Start of LISTED ENTRIES

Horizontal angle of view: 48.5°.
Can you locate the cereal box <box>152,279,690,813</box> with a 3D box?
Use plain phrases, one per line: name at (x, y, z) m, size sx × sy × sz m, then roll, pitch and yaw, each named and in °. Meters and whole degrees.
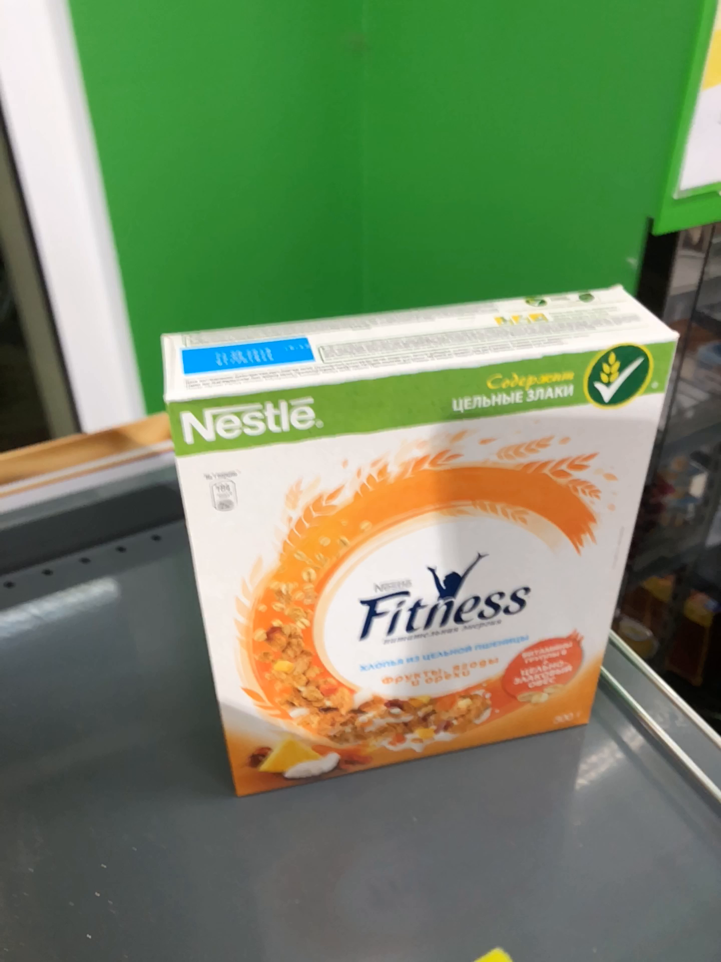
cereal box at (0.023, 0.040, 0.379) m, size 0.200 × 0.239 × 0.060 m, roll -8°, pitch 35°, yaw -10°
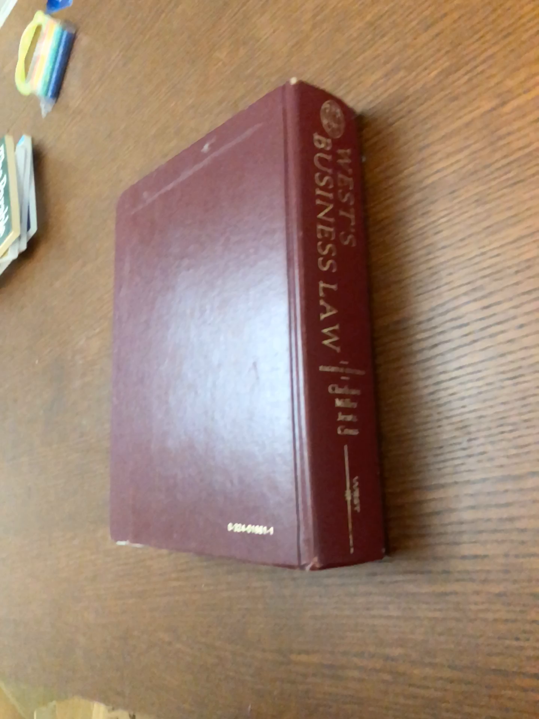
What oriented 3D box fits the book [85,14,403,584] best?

End of LISTED ENTRIES
Start of LISTED ENTRIES

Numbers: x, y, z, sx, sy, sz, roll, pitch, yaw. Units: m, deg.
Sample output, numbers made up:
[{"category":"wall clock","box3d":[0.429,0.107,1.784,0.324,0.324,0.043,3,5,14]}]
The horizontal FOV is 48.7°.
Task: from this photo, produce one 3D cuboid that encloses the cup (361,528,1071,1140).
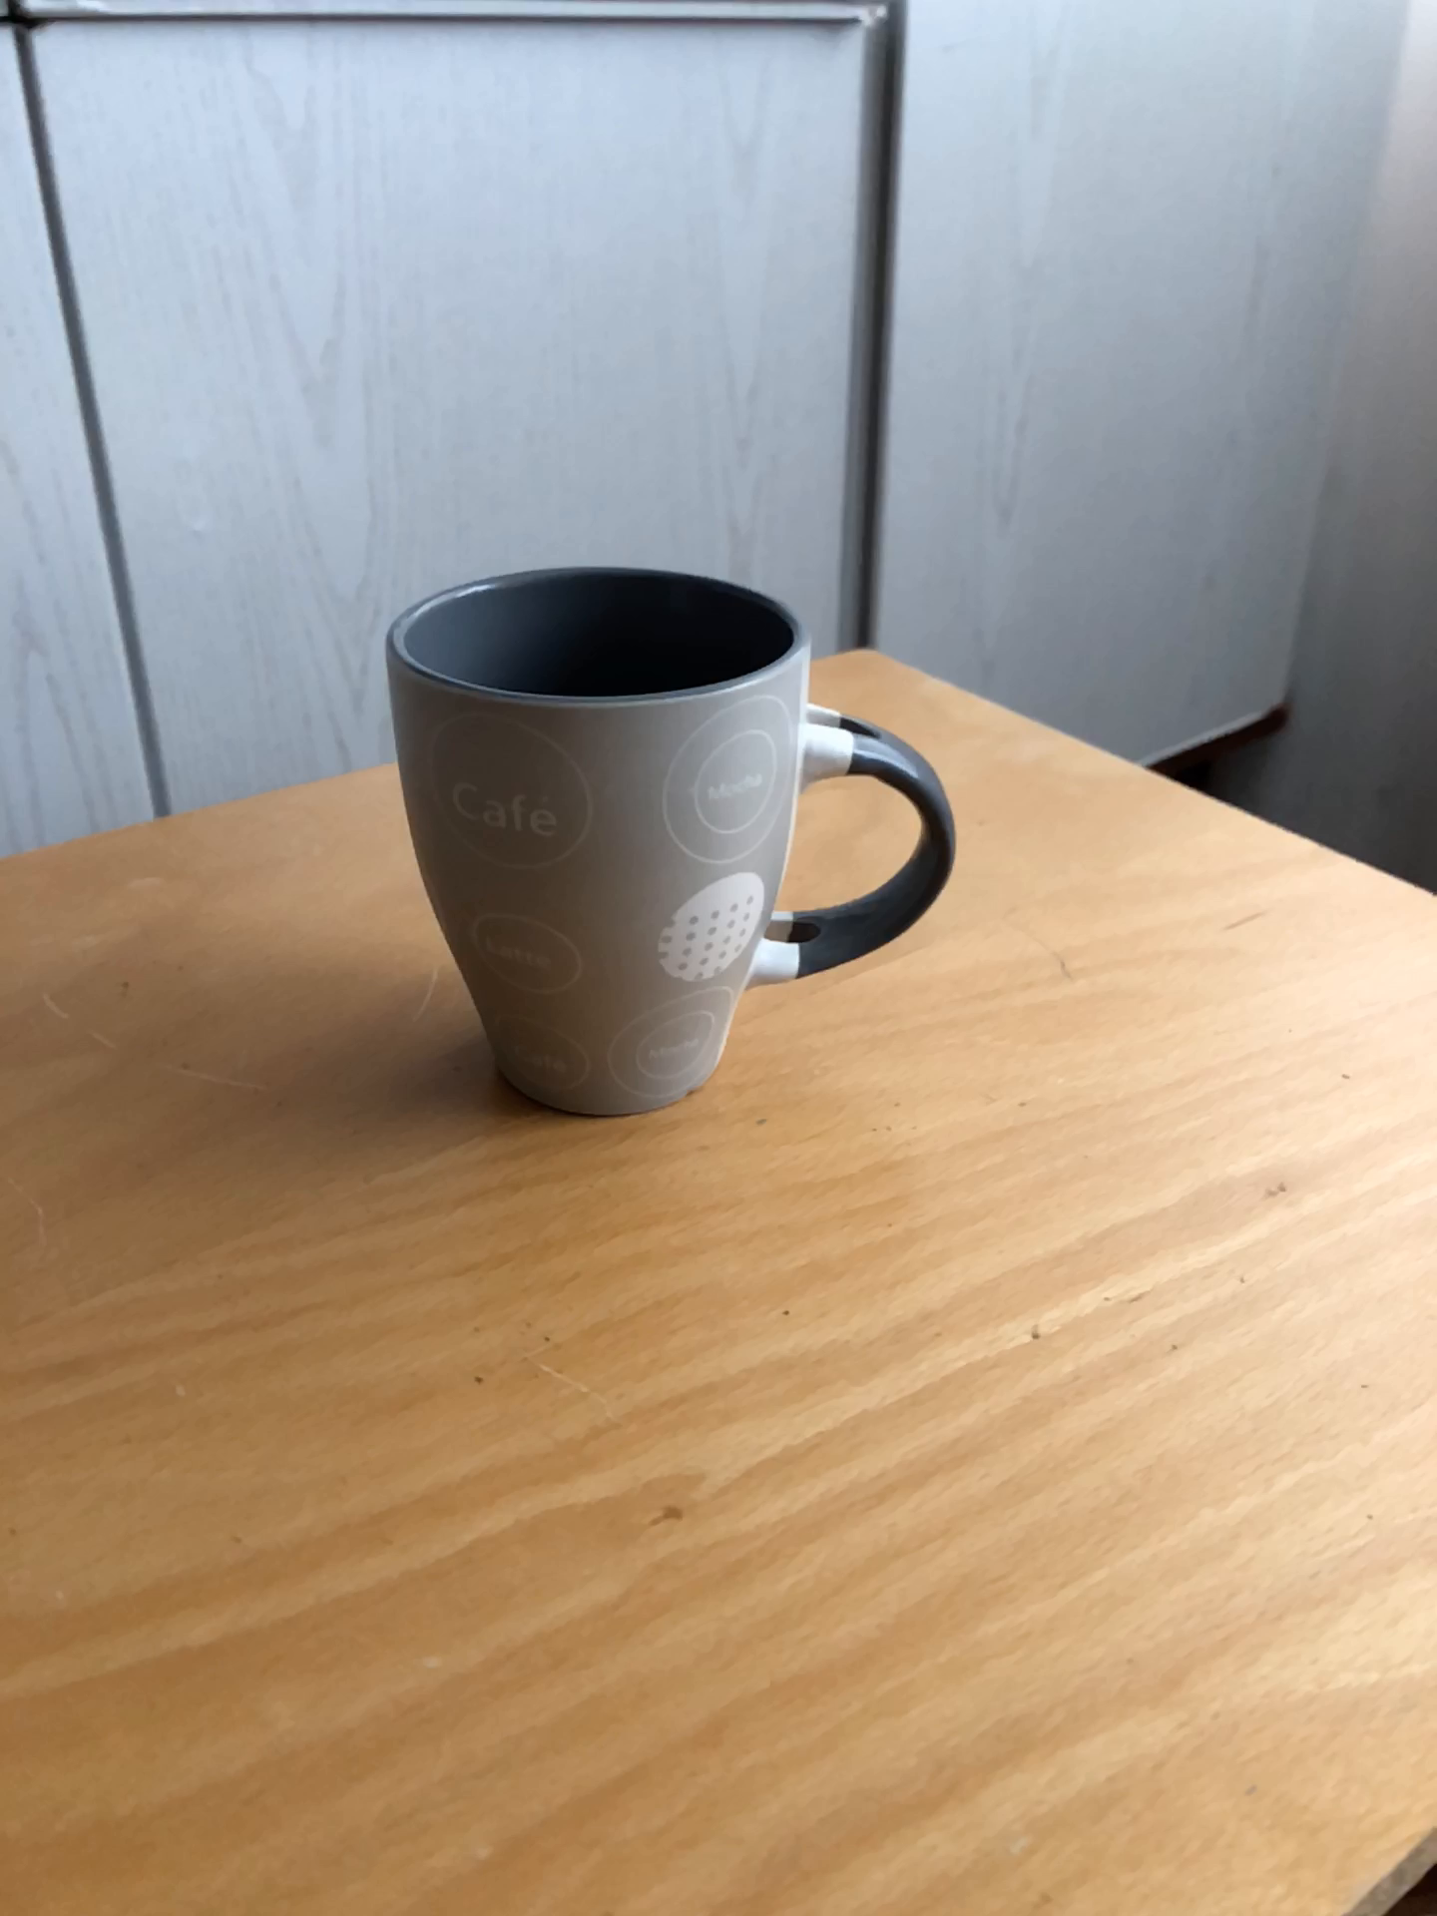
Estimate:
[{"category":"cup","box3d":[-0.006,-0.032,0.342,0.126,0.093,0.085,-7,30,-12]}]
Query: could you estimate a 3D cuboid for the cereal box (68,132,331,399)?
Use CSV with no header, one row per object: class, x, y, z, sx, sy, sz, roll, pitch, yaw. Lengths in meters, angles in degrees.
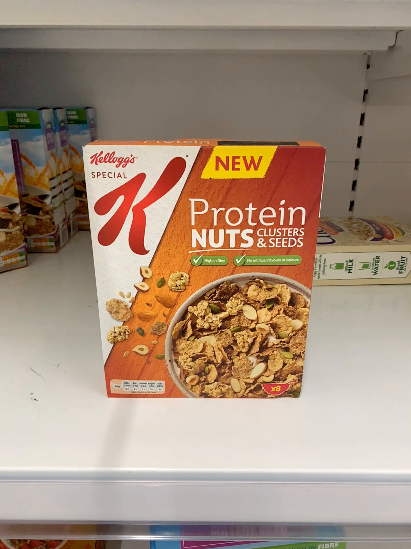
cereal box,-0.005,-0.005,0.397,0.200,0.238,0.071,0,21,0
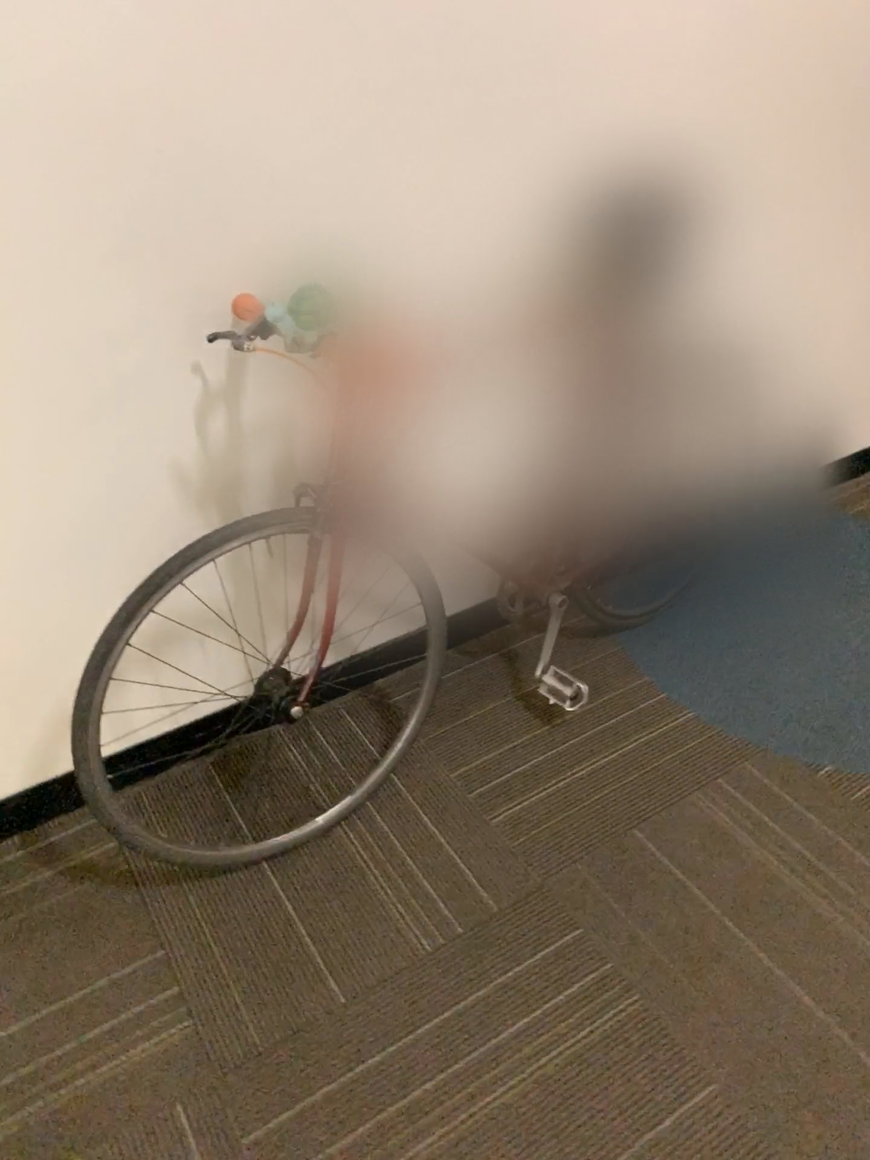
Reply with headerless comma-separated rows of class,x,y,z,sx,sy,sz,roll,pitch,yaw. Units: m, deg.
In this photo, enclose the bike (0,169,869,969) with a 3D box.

End of LISTED ENTRIES

_EXERCISE:_
In the entries above, find the line holding "Reply with headerless" and the line holding "In this photo, enclose", then retype exactly those two lines and every line between them, and nothing else.

_WRITTEN ANSWER:_
Reply with headerless comma-separated rows of class,x,y,z,sx,sy,sz,roll,pitch,yaw. Units: m, deg.
In this photo, enclose the bike (0,169,869,969) with a 3D box.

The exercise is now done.